Governments around the world are beginning to recognize that their long-term care sector is in crisis.  One factor contributing to this crisis is the high growth in the number of the aging population, combined with a lack of investment.  According to the United Nations World Population Prospects: The 2017 Revision Population Database, in 2017 there was an estimated 962 million people aged 60 or over in the world, comprising 13% of the global population.  The population aged 60 and above is growing at a rate of about 3% per year.  Europe has the greatest percentage of the population aged 60 or over (25%). The number of older persons in the world is projected to be 1.4 billion in 2030 and 2.1 billion in 2050 and could rise to 3.1 billion in 2100.  Further, the number of persons aged 80 or over, globally, is projected to triple by 2050, from 137 million in 2017 to 425 million in 2050.[1]

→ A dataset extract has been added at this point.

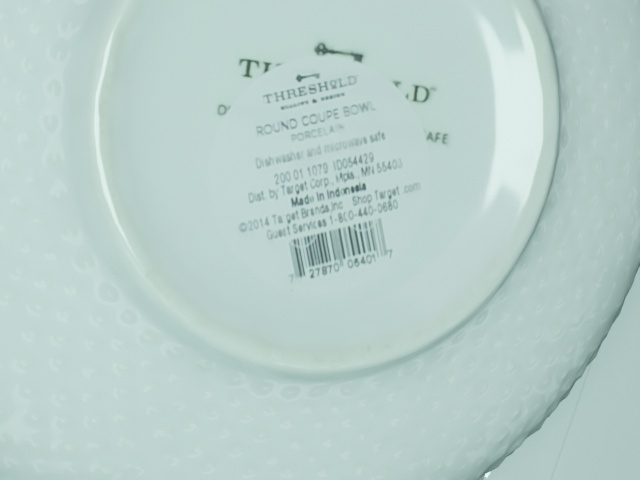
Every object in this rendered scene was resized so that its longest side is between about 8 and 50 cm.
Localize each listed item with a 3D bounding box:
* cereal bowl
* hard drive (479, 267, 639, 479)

With a growing and aging population, the number of people living with dementia is expected to increase in future decades, with corresponding implications for health care needs and use.  According to the World Health Organization, 50 million people live with dementia, including Alzheimer’s disease, worldwide.[2]  As these conditions progress, they become highly debilitating for affected individuals and lead to major health impacts.

In Australia, the Royal Commission into Aged Care Quality and Safety (the “Commission”) was established to investigate how older people are cared for and report on what needs to change to make aged care services better.[3]  The Commission was established in October of 2018, after Ms. Springs and her son Clive, “lifted the lid on a system in crisis”, which resulted in the closure of the nursing home where her husband had been placed.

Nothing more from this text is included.